• **WHAT YOU SHOULD DO**:
Output the listing below verbatim, without images.
===== SUPPLIED INFORMATION =====
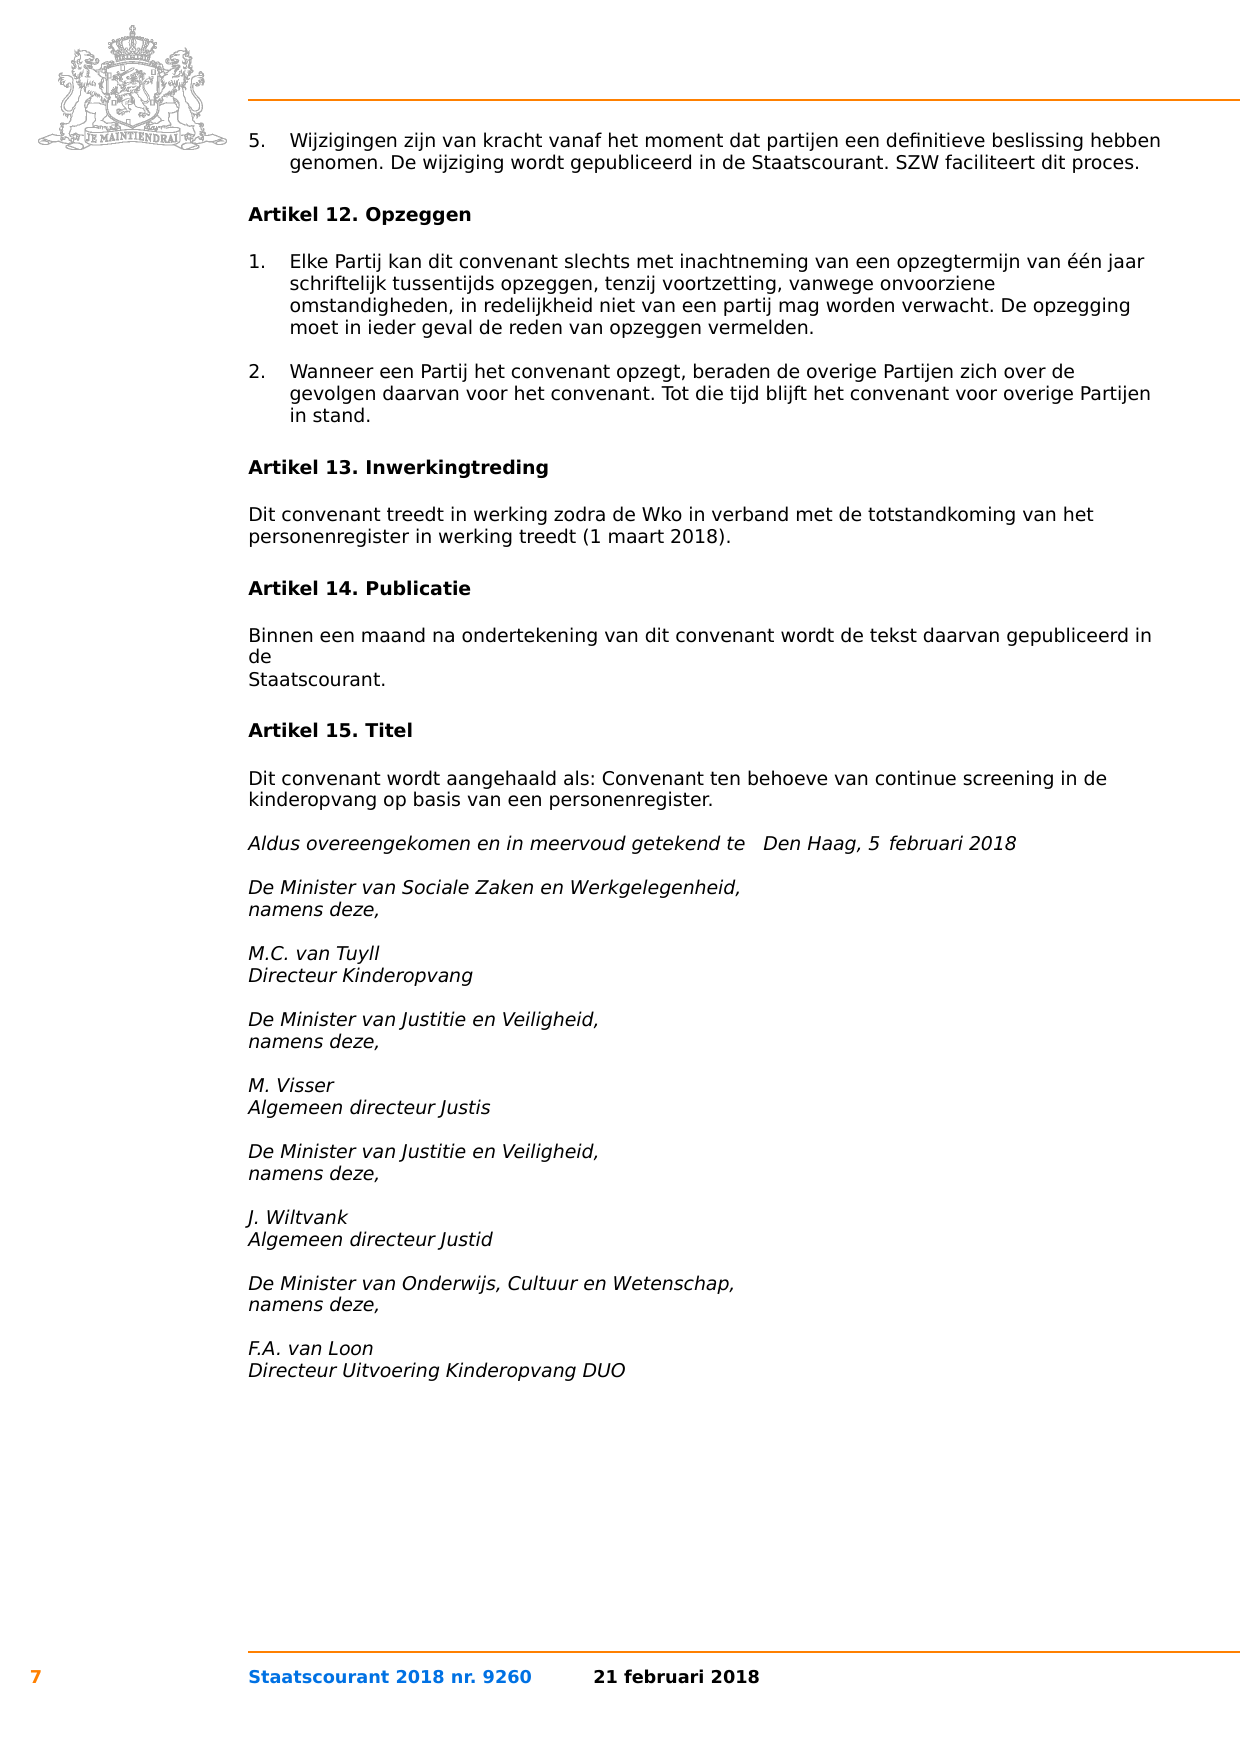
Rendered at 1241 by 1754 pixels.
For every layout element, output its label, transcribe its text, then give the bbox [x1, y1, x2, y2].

text De Minister van Onderwijs, Cultuur en Wetenschap, namens deze, F.A. van Loon Directeur Uitvoering Kinderopvang DUO [248, 1272, 1163, 1382]
subtitle Artikel 14. Publicatie [248, 577, 1163, 599]
text De Minister van Justitie en Veiligheid, namens deze, J. Wiltvank Algemeen directeur Justid [248, 1141, 1163, 1251]
text 5. Wijzigingen zijn van kracht vanaf het moment dat partijen een definitieve beslissing hebben genomen. De wijziging wordt gepubliceerd in de Staatscourant. SZW faciliteert dit proces. [248, 130, 1163, 174]
text Dit convenant wordt aangehaald als: Convenant ten behoeve van continue screening in de kinderopvang op basis van een personenregister. [248, 767, 1163, 811]
subtitle Artikel 12. Opzeggen [248, 204, 1163, 226]
text 2. Wanneer een Partij het convenant opzegt, beraden de overige Partijen zich over de gevolgen daarvan voor het convenant. Tot die tijd blijft het convenant voor overige Partijen in stand. [248, 361, 1163, 427]
text Aldus overeengekomen en in meervoud getekend te Den Haag, 5 februari 2018 [248, 833, 1163, 855]
subtitle Artikel 13. Inwerkingtreding [248, 457, 1163, 478]
text Binnen een maand na ondertekening van dit convenant wordt de tekst daarvan gepubliceerd in de [248, 624, 1163, 668]
text Staatscourant. [248, 668, 1163, 690]
text De Minister van Justitie en Veiligheid, namens deze, M. Visser Algemeen directeur Justis [248, 1009, 1163, 1119]
text 1. Elke Partij kan dit convenant slechts met inachtneming van een opzegtermijn van één jaar schriftelijk tussentijds opzeggen, tenzij voortzetting, vanwege onvoorziene omstandigheden, in redelijkheid niet van een partij mag worden verwacht. De opzegging moet in ieder geval de reden van opzeggen vermelden. [248, 251, 1163, 339]
picture [38, 25, 227, 150]
text Dit convenant treedt in werking zodra de Wko in verband met de totstandkoming van het personenregister in werking treedt (1 maart 2018). [248, 503, 1163, 547]
text De Minister van Sociale Zaken en Werkgelegenheid, namens deze, M.C. van Tuyll Directeur Kinderopvang [248, 877, 1163, 987]
subtitle Artikel 15. Titel [248, 720, 1163, 742]
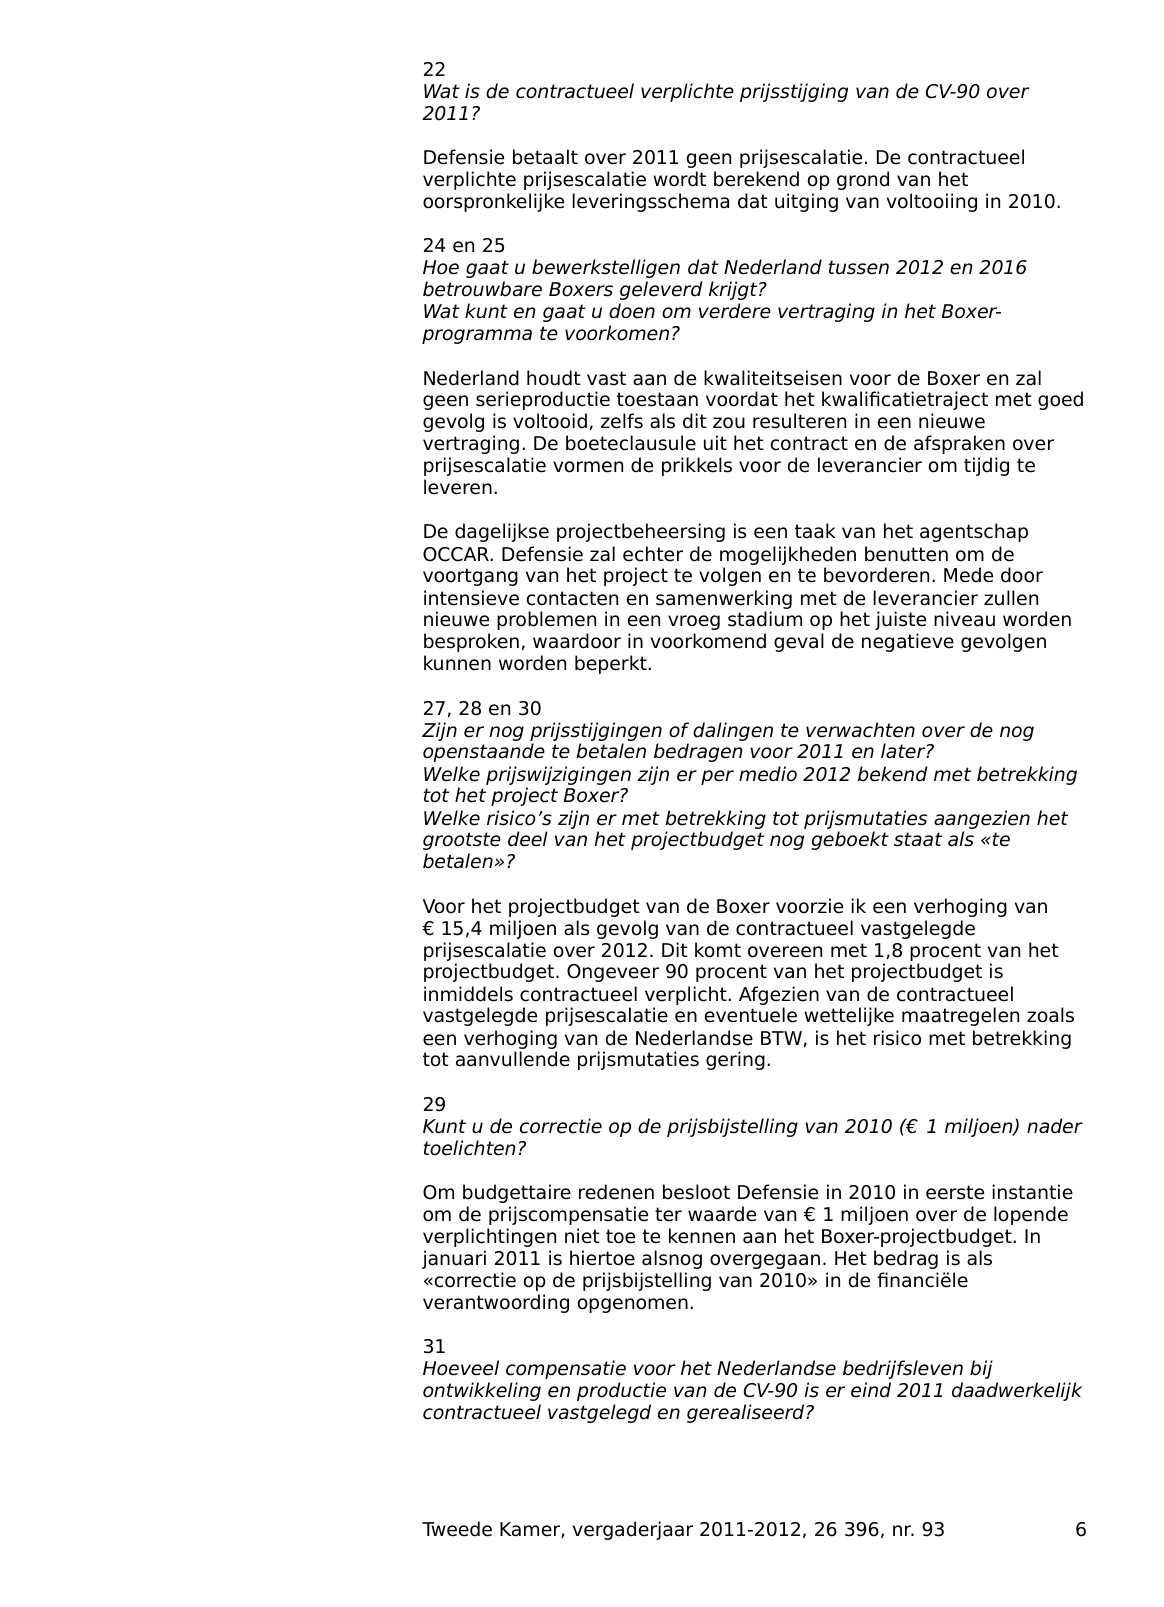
=====
• **EXERCISE RESULT**:
Rendered at 1241 by 1754 pixels.
For every layout element, output its label, transcribe its text, then give the bbox [x1, y1, x2, y2].

text De Minister van Onderwijs, Cultuur en Wetenschap, namens deze, F.A. van Loon Directeur Uitvoering Kinderopvang DUO [248, 1272, 1163, 1382]
subtitle Artikel 14. Publicatie [248, 577, 1163, 599]
text De Minister van Justitie en Veiligheid, namens deze, J. Wiltvank Algemeen directeur Justid [248, 1141, 1163, 1251]
text 5. Wijzigingen zijn van kracht vanaf het moment dat partijen een definitieve beslissing hebben genomen. De wijziging wordt gepubliceerd in de Staatscourant. SZW faciliteert dit proces. [248, 130, 1163, 174]
text Dit convenant wordt aangehaald als: Convenant ten behoeve van continue screening in de kinderopvang op basis van een personenregister. [248, 767, 1163, 811]
subtitle Artikel 12. Opzeggen [248, 204, 1163, 226]
text 2. Wanneer een Partij het convenant opzegt, beraden de overige Partijen zich over de gevolgen daarvan voor het convenant. Tot die tijd blijft het convenant voor overige Partijen in stand. [248, 361, 1163, 427]
text Aldus overeengekomen en in meervoud getekend te Den Haag, 5 februari 2018 [248, 833, 1163, 855]
subtitle Artikel 13. Inwerkingtreding [248, 457, 1163, 478]
text Binnen een maand na ondertekening van dit convenant wordt de tekst daarvan gepubliceerd in de [248, 624, 1163, 668]
text Staatscourant. [248, 668, 1163, 690]
text De Minister van Justitie en Veiligheid, namens deze, M. Visser Algemeen directeur Justis [248, 1009, 1163, 1119]
text 1. Elke Partij kan dit convenant slechts met inachtneming van een opzegtermijn van één jaar schriftelijk tussentijds opzeggen, tenzij voortzetting, vanwege onvoorziene omstandigheden, in redelijkheid niet van een partij mag worden verwacht. De opzegging moet in ieder geval de reden van opzeggen vermelden. [248, 251, 1163, 339]
picture [38, 25, 227, 150]
text Dit convenant treedt in werking zodra de Wko in verband met de totstandkoming van het personenregister in werking treedt (1 maart 2018). [248, 503, 1163, 547]
text De Minister van Sociale Zaken en Werkgelegenheid, namens deze, M.C. van Tuyll Directeur Kinderopvang [248, 877, 1163, 987]
subtitle Artikel 15. Titel [248, 720, 1163, 742]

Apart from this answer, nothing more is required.